# Problem with Orange landline



## celia50 (Nov 4, 2010)

We are having problem with our landline,I have tried calling Orange to complain but the line is dead.
How can I get this sorted ?

Thanks,Celia


----------



## Alcalaina (Aug 6, 2010)

Ring from a mobile, public phone or Skype?

Go to their website and use the online support?


----------



## thrax (Nov 13, 2008)

Unless she is using her landline for internet....


----------



## Alcalaina (Aug 6, 2010)

thrax said:


> Unless she is using her landline for internet....


But she managed to post on here!


----------



## xabiaxica (Jun 23, 2009)

or maybe it's the number she is _ringing _which is dead..............


----------



## thrax (Nov 13, 2008)

The mystery continues. Maybe she goes to an internet cafe?? Call in Hercules Poirot...


----------



## draken (Feb 28, 2012)

Good luck with that. Had an issue for over 2 months as somebody from the Telefonica centre was disconnecting my line.

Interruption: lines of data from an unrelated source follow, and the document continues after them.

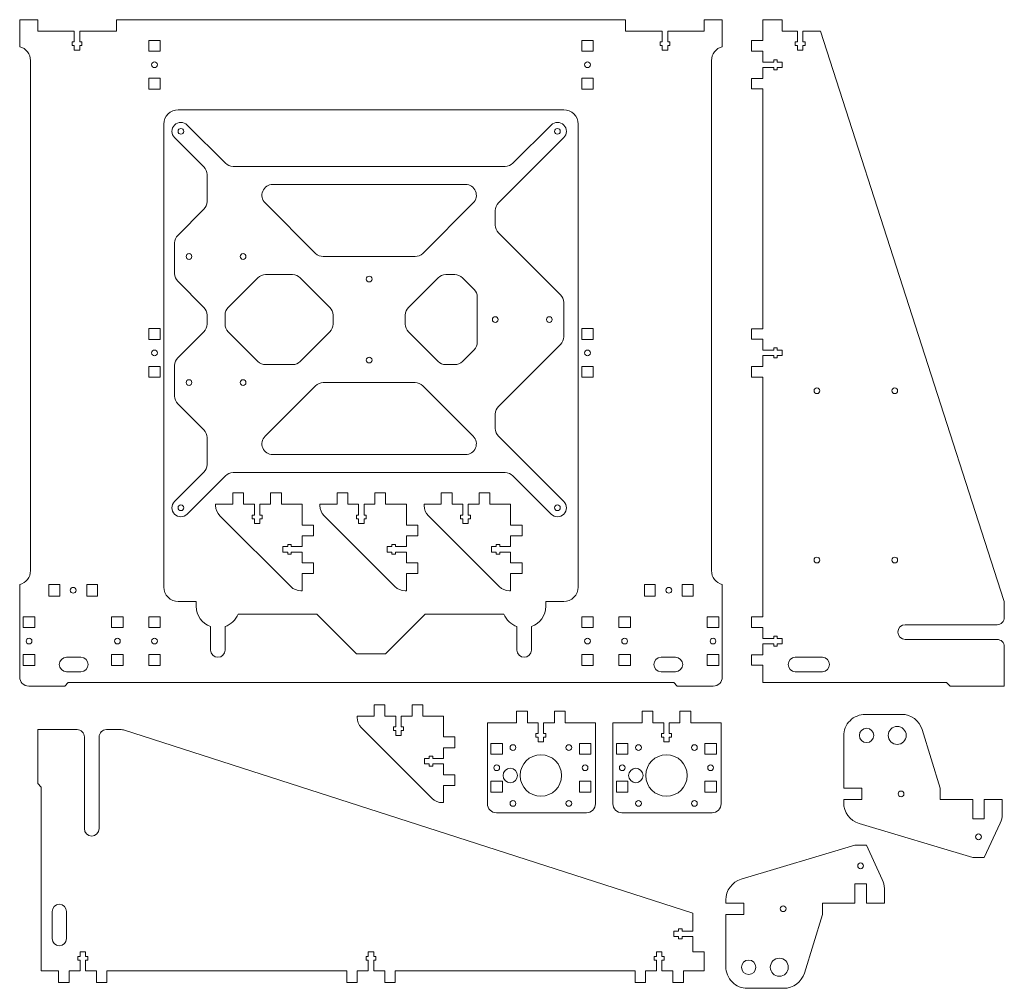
# Model space of a CAD drawing. Header units: millimetres. Extents: x 25 to 572, y 43 to 581.
import ezdxf

# ---------------------------------------------------------------- set-up
doc = ezdxf.new("R2010")
doc.units = ezdxf.units.MM

msp = doc.modelspace()

# ---------------------------------------------------------------- linework, layer by layer
at = {"color": 7, "linetype": 'Continuous', "lineweight": 15}
for p, q in [((103.41, 569.4), (97.06, 569.4)), ((97.06, 569.4), (97.06, 563.4)), ((103.41, 563.4), (103.41, 569.4)), ((337.41, 563.4), (337.41, 569.4)), ((337.41, 569.4), (343.76, 569.4)), ((343.76, 569.4), (343.76, 563.4)), ((97.06, 563.4), (103.41, 563.4)), ((343.76, 563.4), (337.41, 563.4)), ((103.41, 548.4), (97.06, 548.4)), ((97.06, 548.4), (97.06, 542.4)), ((103.41, 542.4), (103.41, 548.4)), ((337.41, 548.4), (343.76, 548.4)), ((337.41, 542.4), (337.41, 548.4)), ((343.76, 548.4), (343.76, 542.4)), ((97.06, 542.4), (103.41, 542.4)), ((343.76, 542.4), (337.41, 542.4)), ((103.41, 409.4), (97.06, 409.4)), ((97.06, 409.4), (97.06, 403.4)), ((103.41, 403.4), (103.41, 409.4)), ((337.41, 403.4), (337.41, 409.4)), ((337.41, 409.4), (343.76, 409.4)), ((343.76, 409.4), (343.76, 403.4)), ((97.06, 403.4), (103.41, 403.4)), ((343.76, 403.4), (337.41, 403.4)), ((103.41, 388.4), (97.06, 388.4)), ((97.06, 388.4), (97.06, 382.4)), ((103.41, 382.4), (103.41, 388.4)), ((337.41, 388.4), (343.76, 388.4)), ((337.41, 382.4), (337.41, 388.4)), ((343.76, 388.4), (343.76, 382.4)), ((97.06, 382.4), (103.41, 382.4)), ((343.76, 382.4), (337.41, 382.4)), ((41.61, 267.25), (41.61, 260.9)), ((47.61, 267.25), (41.61, 267.25)), ((47.61, 260.9), (47.61, 267.25)), ((62.61, 267.25), (62.61, 260.9)), ((68.61, 267.25), (62.61, 267.25)), ((68.61, 260.9), (68.61, 267.25)), ((372.21, 267.25), (378.21, 267.25)), ((372.21, 260.9), (372.21, 267.25)), ((378.21, 267.25), (378.21, 260.9)), ((393.21, 267.25), (399.21, 267.25)), ((393.21, 260.9), (393.21, 267.25)), ((399.21, 267.25), (399.21, 260.9)), ((41.61, 260.9), (47.61, 260.9)), ((62.61, 260.9), (68.61, 260.9)), ((378.21, 260.9), (372.21, 260.9)), ((399.21, 260.9), (393.21, 260.9)), ((33.76, 249.4), (27.41, 249.4)), ((27.41, 249.4), (27.41, 243.4)), ((33.76, 243.4), (33.76, 249.4)), ((82.81, 249.4), (76.46, 249.4)), ((76.46, 249.4), (76.46, 243.4)), ((82.81, 243.4), (82.81, 249.4)), ((103.41, 249.4), (97.06, 249.4)), ((97.06, 249.4), (97.06, 243.4)), ((103.41, 243.4), (103.41, 249.4)), ((337.41, 243.4), (337.41, 249.4)), ((337.41, 249.4), (343.76, 249.4)), ((343.76, 249.4), (343.76, 243.4)), ((358.01, 249.4), (364.36, 249.4)), ((358.01, 243.4), (358.01, 249.4)), ((364.36, 249.4), (364.36, 243.4)), ((407.06, 243.4), (407.06, 249.4)), ((407.06, 249.4), (413.41, 249.4)), ((413.41, 249.4), (413.41, 243.4)), ((27.41, 243.4), (33.76, 243.4)), ((76.46, 243.4), (82.81, 243.4)), ((97.06, 243.4), (103.41, 243.4)), ((343.76, 243.4), (337.41, 243.4)), ((364.36, 243.4), (358.01, 243.4)), ((413.41, 243.4), (407.06, 243.4)), ((33.76, 228.4), (27.41, 228.4)), ((27.41, 228.4), (27.41, 222.4)), ((33.76, 222.4), (33.76, 228.4)), ((59.41, 226.9), (51.41, 226.9)), ((82.81, 228.4), (76.46, 228.4)), ((76.46, 228.4), (76.46, 222.4)), ((82.81, 222.4), (82.81, 228.4)), ((103.41, 228.4), (97.06, 228.4)), ((97.06, 228.4), (97.06, 222.4)), ((103.41, 222.4), (103.41, 228.4)), ((337.41, 228.4), (343.76, 228.4)), ((337.41, 222.4), (337.41, 228.4)), ((343.76, 228.4), (343.76, 222.4)), ((358.01, 228.4), (364.36, 228.4)), ((358.01, 222.4), (358.01, 228.4)), ((364.36, 228.4), (364.36, 222.4)), ((389.41, 226.9), (381.41, 226.9)), ((407.06, 222.4), (407.06, 228.4)), ((407.06, 228.4), (413.41, 228.4)), ((413.41, 228.4), (413.41, 222.4)), ((27.41, 222.4), (33.76, 222.4)), ((51.41, 218.9), (59.41, 218.9)), ((76.46, 222.4), (82.81, 222.4)), ((97.06, 222.4), (103.41, 222.4)), ((343.76, 222.4), (337.41, 222.4)), ((364.36, 222.4), (358.01, 222.4)), ((381.41, 218.9), (389.41, 218.9)), ((413.41, 222.4), (407.06, 222.4)), ((43.41, 70.75), (43.41, 85.75)), ((51.41, 85.75), (51.41, 70.75))]:
    msp.add_line(p, q, dxfattribs=at)
for points in [[(59.99, 566.55), (59.99, 568.55), (58.74, 568.55), (58.74, 574.55), (79.06, 574.55), (79.06, 580.9), (361.76, 580.9), (361.76, 574.55), (382.09, 574.55), (382.09, 568.55), (380.84, 568.55), (380.84, 566.55), (382.09, 566.55), (382.09, 563.9), (385.09, 563.9), (385.09, 566.55), (386.34, 566.55), (386.34, 568.55), (385.09, 568.55), (385.09, 574.55), (405.41, 574.55), (405.41, 580.9), (415.41, 580.9), (415.41, 565.9, 0.341999), (409.41, 558.15), (409.41, 275, 0.341999), (415.41, 267.25), (415.41, 215.9, -0.414214), (410.41, 210.9), (390.41, 210.9), (388.41, 212.9), (52.41, 212.9), (50.41, 210.9), (30.41, 210.9, -0.414214), (25.41, 215.9), (25.41, 267.25, 0.341999), (31.41, 275), (31.41, 558.15, 0.341999), (25.41, 565.9), (25.41, 580.9), (35.41, 580.9), (35.41, 574.55), (55.74, 574.55), (55.74, 568.55), (54.49, 568.55), (54.49, 566.55), (55.74, 566.55), (55.74, 563.9), (58.74, 563.9), (58.74, 566.55)], [(437.93, 212.9), (539.93, 212.9), (541.93, 210.9), (571.93, 210.9), (571.93, 232.8, 0.414214), (567.93, 236.8), (516.93, 236.8, -1), (516.93, 245), (567.93, 245, 0.414214), (571.93, 249), (571.93, 257.27, 0.078033), (571.74, 258.5), (469.97, 574.55), (460.08, 574.55), (460.08, 568.55), (461.33, 568.55), (461.33, 566.55), (460.08, 566.55), (460.08, 563.9), (457.08, 563.9), (457.08, 566.55), (455.83, 566.55), (455.83, 568.55), (457.08, 568.55), (457.08, 574.55), (448.58, 574.55), (448.58, 580.9), (437.93, 580.9), (437.93, 569.3), (431.58, 569.3), (431.58, 563.5), (437.93, 563.5), (437.93, 557.4), (443.93, 557.4), (443.93, 558.65), (445.93, 558.65), (445.93, 557.4), (448.58, 557.4), (448.58, 554.4), (445.93, 554.4), (445.93, 553.15), (443.93, 553.15), (443.93, 554.4), (437.93, 554.4), (437.93, 548.3), (431.58, 548.3), (431.58, 542.5), (437.93, 542.5), (437.93, 409.3), (431.58, 409.3), (431.58, 403.5), (437.93, 403.5), (437.93, 397.4), (443.93, 397.4), (443.93, 398.65), (445.93, 398.65), (445.93, 397.4), (448.58, 397.4), (448.58, 394.4), (445.93, 394.4), (445.93, 393.15), (443.93, 393.15), (443.93, 394.4), (437.93, 394.4), (437.93, 388.3), (431.58, 388.3), (431.58, 382.5), (437.93, 382.5), (437.93, 249.3), (431.58, 249.3), (431.58, 243.5), (437.93, 243.5), (437.93, 237.4), (443.93, 237.4), (443.93, 238.65), (445.93, 238.65), (445.93, 237.4), (448.58, 237.4), (448.58, 234.4), (445.93, 234.4), (445.93, 233.15), (443.93, 233.15), (443.93, 234.4), (437.93, 234.4), (437.93, 228.3), (431.58, 228.3), (431.58, 222.5), (437.93, 222.5)], [(139.41, 230.9), (139.41, 243.9, 0.219228), (146.61, 250.9), (190.41, 250.9), (212.41, 228.9), (228.41, 228.9), (250.41, 250.9), (294.22, 250.9, 0.219228), (301.41, 243.9), (301.41, 230.9, 1), (309.41, 230.9), (309.41, 243.9, 0.317837), (317.41, 255.21), (317.41, 257.9), (327.41, 257.9, 0.414214), (335.41, 265.9), (335.41, 522.9, 0.414214), (327.41, 530.9), (113.41, 530.9, 0.414214), (105.41, 522.9), (105.41, 265.9, 0.414214), (113.41, 257.9), (123.41, 257.9), (123.41, 255.21, 0.317837), (131.41, 243.9), (131.41, 230.9, 1)], [(325.63, 400.65, 0.198912), (327.39, 404.9), (327.39, 423.93, 0.198912), (325.63, 428.17), (291.14, 462.65, -0.198912), (289.39, 466.9), (289.39, 474.93, -0.198912), (291.14, 479.17), (327.39, 515.41, 1), (320.39, 522.41), (299.14, 501.17, -0.198912), (294.9, 499.41), (143.87, 499.41, -0.198912), (139.63, 501.17), (118.39, 522.41, 1), (111.39, 515.41), (127.63, 499.17, -0.198912), (129.39, 494.93), (129.39, 479.9, -0.198912), (127.63, 475.65), (113.14, 461.17, 0.198912), (111.39, 456.93), (111.39, 439.9, 0.198912), (113.14, 435.65), (127.63, 421.17, -0.198912), (129.39, 416.93), (129.39, 411.9, -0.198912), (127.63, 407.65), (113.14, 393.17, 0.198912), (111.39, 388.93), (111.39, 371.9, 0.198912), (113.14, 367.65), (127.63, 353.17, -0.198912), (129.39, 348.93), (129.39, 333.9, -0.198912), (127.63, 329.65), (111.39, 313.41, 1), (118.39, 306.41), (139.63, 327.65, -0.198912), (143.87, 329.41), (294.9, 329.41, -0.198912), (299.14, 327.65), (320.39, 306.41, 1), (327.39, 313.41), (291.14, 349.65, -0.198912), (289.39, 353.9), (289.39, 361.93, -0.198912), (291.14, 366.17)], [(244.9, 449.41, 0.198912), (249.14, 451.17), (277.14, 479.17, 0.668179), (272.9, 489.41), (165.87, 489.41, 0.668179), (161.63, 479.17), (189.63, 451.17, 0.198912), (193.87, 449.41)], [(199.39, 416.93, 0.198912), (197.63, 421.17), (181.14, 437.65, 0.198912), (176.9, 439.41), (161.87, 439.41, 0.198912), (157.63, 437.65), (141.14, 421.17, 0.198912), (139.39, 416.93), (139.39, 411.9, 0.198912), (141.14, 407.65), (157.63, 391.17, 0.198912), (161.87, 389.41), (176.9, 389.41, 0.198912), (181.14, 391.17), (197.63, 407.65, 0.198912), (199.39, 411.9)], [(266.9, 389.41, 0.198912), (271.14, 391.17), (277.63, 397.65, 0.198912), (279.39, 401.9), (279.39, 426.93, 0.198912), (277.63, 431.17), (271.14, 437.65, 0.198912), (266.9, 439.41), (261.87, 439.41, 0.198912), (257.63, 437.65), (241.14, 421.17, 0.198912), (239.39, 416.93), (239.39, 411.9, 0.198912), (241.14, 407.65), (257.63, 391.17, 0.198912), (261.87, 389.41)], [(249.14, 377.65, 0.198912), (244.9, 379.41), (193.87, 379.41, 0.198912), (189.63, 377.65), (161.63, 349.65, 0.668179), (165.87, 339.41), (272.9, 339.41, 0.668179), (277.14, 349.65)], [(149.67, 318.19), (143.67, 318.19), (143.67, 311.84), (134.17, 311.84), (134.17, 311.15, 0.198912), (136.52, 305.49), (175.83, 266.18, 0.198912), (181.49, 263.84), (182.17, 263.84), (182.17, 273.34), (188.52, 273.34), (188.52, 279.34), (182.17, 279.34), (182.17, 285.34), (176.17, 285.34), (176.17, 284.09), (174.17, 284.09), (174.17, 285.34), (171.52, 285.34), (171.52, 288.34), (174.17, 288.34), (174.17, 289.59), (176.17, 289.59), (176.17, 288.34), (182.17, 288.34), (182.17, 294.34), (188.52, 294.34), (188.52, 300.34), (182.17, 300.34), (182.17, 311.84), (170.67, 311.84), (170.67, 318.19), (164.67, 318.19), (164.67, 311.84), (158.67, 311.84), (158.67, 305.84), (159.92, 305.84), (159.92, 303.84), (158.67, 303.84), (158.67, 301.19), (155.67, 301.19), (155.67, 303.84), (154.42, 303.84), (154.42, 305.84), (155.67, 305.84), (155.67, 311.84), (149.67, 311.84)], [(201.55, 318.19), (201.55, 311.84), (192.05, 311.84), (192.05, 311.15, 0.198912), (194.39, 305.49), (233.7, 266.18, 0.198912), (239.36, 263.84), (240.05, 263.84), (240.05, 273.34), (246.4, 273.34), (246.4, 279.34), (240.05, 279.34), (240.05, 285.34), (234.05, 285.34), (234.05, 284.09), (232.05, 284.09), (232.05, 285.34), (229.4, 285.34), (229.4, 288.34), (232.05, 288.34), (232.05, 289.59), (234.05, 289.59), (234.05, 288.34), (240.05, 288.34), (240.05, 294.34), (246.4, 294.34), (246.4, 300.34), (240.05, 300.34), (240.05, 311.84), (228.55, 311.84), (228.55, 318.19), (222.55, 318.19), (222.55, 311.84), (216.55, 311.84), (216.55, 305.84), (217.8, 305.84), (217.8, 303.84), (216.55, 303.84), (216.55, 301.19), (213.55, 301.19), (213.55, 303.84), (212.3, 303.84), (212.3, 305.84), (213.55, 305.84), (213.55, 311.84), (207.55, 311.84), (207.55, 318.19)], [(280.42, 318.19), (280.42, 311.84), (274.42, 311.84), (274.42, 305.84), (275.67, 305.84), (275.67, 303.84), (274.42, 303.84), (274.42, 301.19), (271.42, 301.19), (271.42, 303.84), (270.17, 303.84), (270.17, 305.84), (271.42, 305.84), (271.42, 311.84), (265.42, 311.84), (265.42, 318.19), (259.42, 318.19), (259.42, 311.84), (249.92, 311.84), (249.92, 311.15, 0.198912), (252.26, 305.49), (291.57, 266.18, 0.198912), (297.23, 263.84), (297.92, 263.84), (297.92, 273.34), (304.27, 273.34), (304.27, 279.34), (297.92, 279.34), (297.92, 285.34), (291.92, 285.34), (291.92, 284.09), (289.92, 284.09), (289.92, 285.34), (287.27, 285.34), (287.27, 288.34), (289.92, 288.34), (289.92, 289.59), (291.92, 289.59), (291.92, 288.34), (297.92, 288.34), (297.92, 294.34), (304.27, 294.34), (304.27, 300.34), (297.92, 300.34), (297.92, 311.84), (286.42, 311.84), (286.42, 318.19)], [(455.93, 218.9), (470.93, 218.9, 1), (470.93, 226.9), (455.93, 226.9, 1)], [(243.18, 200.56), (243.18, 194.21), (237.18, 194.21), (237.18, 188.21), (238.43, 188.21), (238.43, 186.21), (237.18, 186.21), (237.18, 183.56), (234.18, 183.56), (234.18, 186.21), (232.93, 186.21), (232.93, 188.21), (234.18, 188.21), (234.18, 194.21), (228.18, 194.21), (228.18, 200.56), (222.18, 200.56), (222.18, 194.21), (212.68, 194.21), (212.68, 193.53, 0.198912), (215.02, 187.87), (254.34, 148.56, 0.198912), (259.99, 146.21), (260.68, 146.21), (260.68, 155.71), (267.03, 155.71), (267.03, 161.71), (260.68, 161.71), (260.68, 167.71), (254.68, 167.71), (254.68, 166.46), (252.68, 166.46), (252.68, 167.71), (250.03, 167.71), (250.03, 170.71), (252.68, 170.71), (252.68, 171.96), (254.68, 171.96), (254.68, 170.71), (260.68, 170.71), (260.68, 176.71), (267.03, 176.71), (267.03, 182.71), (260.68, 182.71), (260.68, 194.21), (249.18, 194.21), (249.18, 200.56)], [(328.21, 190.57), (328.21, 196.92), (322.21, 196.92), (322.21, 190.57), (316.21, 190.57), (316.21, 184.57), (317.46, 184.57), (317.46, 182.57), (316.21, 182.57), (316.21, 179.92), (313.21, 179.92), (313.21, 182.57), (311.96, 182.57), (311.96, 184.57), (313.21, 184.57), (313.21, 190.57), (307.21, 190.57), (307.21, 196.92), (301.21, 196.92), (301.21, 190.57), (285.01, 190.57), (285.01, 145.57, 0.414214), (290.01, 140.57), (340.01, 140.57, 0.414214), (345.01, 145.57), (345.01, 190.57)], [(397.9, 190.57), (397.9, 196.92), (391.9, 196.92), (391.9, 190.57), (385.9, 190.57), (385.9, 184.57), (387.15, 184.57), (387.15, 182.57), (385.9, 182.57), (385.9, 179.92), (382.9, 179.92), (382.9, 182.57), (381.65, 182.57), (381.65, 184.57), (382.9, 184.57), (382.9, 190.57), (376.9, 190.57), (376.9, 196.92), (370.9, 196.92), (370.9, 190.57), (354.7, 190.57), (354.7, 145.57, 0.414214), (359.7, 140.57), (409.7, 140.57, 0.414214), (414.7, 145.57), (414.7, 190.57)], [(536.42, 147.86), (554.42, 147.86), (554.42, 137.21), (560.77, 137.21), (560.77, 147.86), (570.77, 147.86), (570.77, 139.87, -0.109746), (569.65, 134.79), (560.77, 115.81), (554.42, 115.81), (491.34, 134.65, -0.331563), (482.77, 146.15), (482.77, 147.86), (492.77, 147.86), (492.77, 154.21), (482.77, 154.21), (482.77, 183.21, -0.414214), (494.77, 195.21), (514.92, 195.21, -0.32904), (526.38, 186.75), (536.42, 154.21)], [(37.41, 52.75), (37.41, 154.75), (35.41, 156.75), (35.41, 186.75), (57.31, 186.75, -0.414214), (61.31, 182.75), (61.31, 131.75, 1), (69.51, 131.75), (69.51, 182.75, -0.414214), (73.51, 186.75), (81.79, 186.75, -0.078033), (83.01, 186.56), (399.06, 84.79), (399.06, 74.9), (393.06, 74.9), (393.06, 76.15), (391.06, 76.15), (391.06, 74.9), (388.41, 74.9), (388.41, 71.9), (391.06, 71.9), (391.06, 70.65), (393.06, 70.65), (393.06, 71.9), (399.06, 71.9), (399.06, 63.4), (405.41, 63.4), (405.41, 52.75), (393.81, 52.75), (393.81, 46.4), (388.01, 46.4), (388.01, 52.75), (381.91, 52.75), (381.91, 58.75), (383.16, 58.75), (383.16, 60.75), (381.91, 60.75), (381.91, 63.4), (378.91, 63.4), (378.91, 60.75), (377.66, 60.75), (377.66, 58.75), (378.91, 58.75), (378.91, 52.75), (372.81, 52.75), (372.81, 46.4), (367.01, 46.4), (367.01, 52.75), (233.81, 52.75), (233.81, 46.4), (228.01, 46.4), (228.01, 52.75), (221.91, 52.75), (221.91, 58.75), (223.16, 58.75), (223.16, 60.75), (221.91, 60.75), (221.91, 63.4), (218.91, 63.4), (218.91, 60.75), (217.66, 60.75), (217.66, 58.75), (218.91, 58.75), (218.91, 52.75), (212.81, 52.75), (212.81, 46.4), (207.01, 46.4), (207.01, 52.75), (73.81, 52.75), (73.81, 46.4), (68.01, 46.4), (68.01, 52.75), (61.91, 52.75), (61.91, 58.75), (63.16, 58.75), (63.16, 60.75), (61.91, 60.75), (61.91, 63.4), (58.91, 63.4), (58.91, 60.75), (57.66, 60.75), (57.66, 58.75), (58.91, 58.75), (58.91, 52.75), (52.81, 52.75), (52.81, 46.4), (47.01, 46.4), (47.01, 52.75)], [(429.35, 43.11, -0.414214), (417.35, 55.11), (417.35, 84.11), (427.35, 84.11), (427.35, 90.46), (417.35, 90.46), (417.35, 92.17, -0.331563), (425.92, 103.67), (489, 122.5), (495.35, 122.5), (504.22, 103.53, -0.109746), (505.35, 98.44), (505.35, 90.46), (495.35, 90.46), (495.35, 101.11), (489, 101.11), (489, 90.46), (471, 90.46), (471, 84.11), (460.96, 51.57, -0.32904), (449.49, 43.11)]]:
    msp.add_lwpolyline(points, format="xyb", close=True, dxfattribs=at)
for points in [[(293.36, 173.07), (293.36, 179.07), (287.01, 179.07), (287.01, 173.07)], [(342.41, 179.07), (336.06, 179.07), (336.06, 173.07), (342.41, 173.07)], [(356.7, 173.07), (363.05, 173.07), (363.05, 179.07), (356.7, 179.07)], [(405.75, 179.07), (405.75, 173.07), (412.1, 173.07), (412.1, 179.07)], [(293.36, 152.07), (293.36, 158.07), (287.01, 158.07), (287.01, 152.07)], [(336.06, 152.07), (342.41, 152.07), (342.41, 158.07), (336.06, 158.07)], [(363.05, 152.07), (363.05, 158.07), (356.7, 158.07), (356.7, 152.07)], [(405.75, 152.07), (412.1, 152.07), (412.1, 158.07), (405.75, 158.07)]]:
    msp.add_lwpolyline(points, close=True, dxfattribs=at)
for centre, radius in [((100.24, 555.9), 1.6), ((340.59, 555.9), 1.6), ((114.89, 518.91), 1.6), ((323.89, 518.91), 1.6), ((119.39, 449.41), 1.6), ((149.39, 449.41), 1.6), ((219.39, 436.91), 1.6), ((289.39, 414.41), 1.6), ((319.39, 414.41), 1.6), ((100.24, 395.9), 1.6), ((219.39, 391.91), 1.6), ((340.59, 395.9), 1.6), ((119.39, 379.41), 1.6), ((149.39, 379.41), 1.6), ((467.93, 374.88), 1.6), ((511.11, 374.88), 1.6), ((114.89, 309.91), 1.6), ((323.89, 309.91), 1.6), ((467.93, 280.9), 1.6), ((511.11, 280.9), 1.6), ((55.11, 264.08), 1.6), ((385.71, 264.08), 1.6), ((30.59, 235.9), 1.6), ((79.64, 235.9), 1.6), ((100.24, 235.9), 1.6), ((340.59, 235.9), 1.6), ((361.19, 235.9), 1.6), ((410.24, 235.9), 1.6), ((495.47, 183.51), 4), ((512.47, 183.51), 5), ((299.21, 176.77), 1.6), ((330.21, 176.77), 1.6), ((368.9, 176.77), 1.6), ((399.9, 176.77), 1.6), ((314.71, 161.27), 11.5), ((384.4, 161.27), 11.5), ((290.18, 165.57), 1.6), ((297.71, 161.27), 4), ((339.23, 165.57), 1.6), ((359.87, 165.57), 1.6), ((367.4, 161.27), 4), ((408.92, 165.57), 1.6), ((514.6, 151.03), 1.6), ((299.21, 145.77), 1.6), ((330.21, 145.77), 1.6), ((368.9, 145.77), 1.6), ((399.9, 145.77), 1.6), ((557.6, 127.21), 1.6), ((492.17, 111.11), 1.6), ((449.17, 87.29), 1.6), ((430.05, 54.81), 4), ((447.05, 54.81), 5)]:
    msp.add_circle(centre, radius, dxfattribs=at)
for centre, start, end in [((51.41, 222.9), 90, 270), ((59.41, 222.9), 270, 90), ((381.41, 222.9), 90, 270), ((389.41, 222.9), 270, 90), ((47.41, 85.75), 0, 180), ((47.41, 70.75), 180, 0)]:
    msp.add_arc(centre, 4, start, end, dxfattribs=at)

doc.saveas('drawing.dxf')

Anyway the good thing about orange is that they have dedicated CS agents (they assign specific regions to specific agents I guess) so you will speak with the same one all the time. Go to a neighbour and call 900 901 300 from a landline (free) or drop them an email from your orange email. They have a few English speaking agents as well if you prefer.


----------



## celia50 (Nov 4, 2010)

Thanks everyone for your help,I can go online or use Skype to call them and things here seems more complicated at times.


----------



## celia50 (Nov 4, 2010)

draken said:


> Good luck with that. Had an issue for over 2 months as somebody from the Telefonica centre was disconnecting my line.
> 
> Anyway the good thing about orange is that they have dedicated CS agents (they assign specific regions to specific agents I guess) so you will speak with the same one all the time. Go to a neighbour and call 900 901 300 from a landline (free) or drop them an email from your orange email. They have a few English speaking agents as well if you prefer.


Hi my neighbour is with Telefonica can I call 900 901 300 free her place,I am wondering if our fairly new cordless SPC telecom is faulty ?
Hopefully this can be sorted before our travel,I am not confident somehow.

Thanks,Celia


----------



## draken (Feb 28, 2012)

celia50 said:


> Hi my neighbour is with Telefonica can I call 900 901 300 free her place,I am wondering if our fairly new cordless SPC telecom is faulty ?
> Hopefully this can be sorted before our travel,I am not confident somehow.
> 
> Thanks,Celia



Log in to your Livebox router by typing 192.168.1.1 on the address bar of any browser (username and password should be admin both). Then on the bottom of the first page you should have a diagnostic tool informing you if everything is working correctly on your line. Voip is the one you are looking for. Green is good, red is bad.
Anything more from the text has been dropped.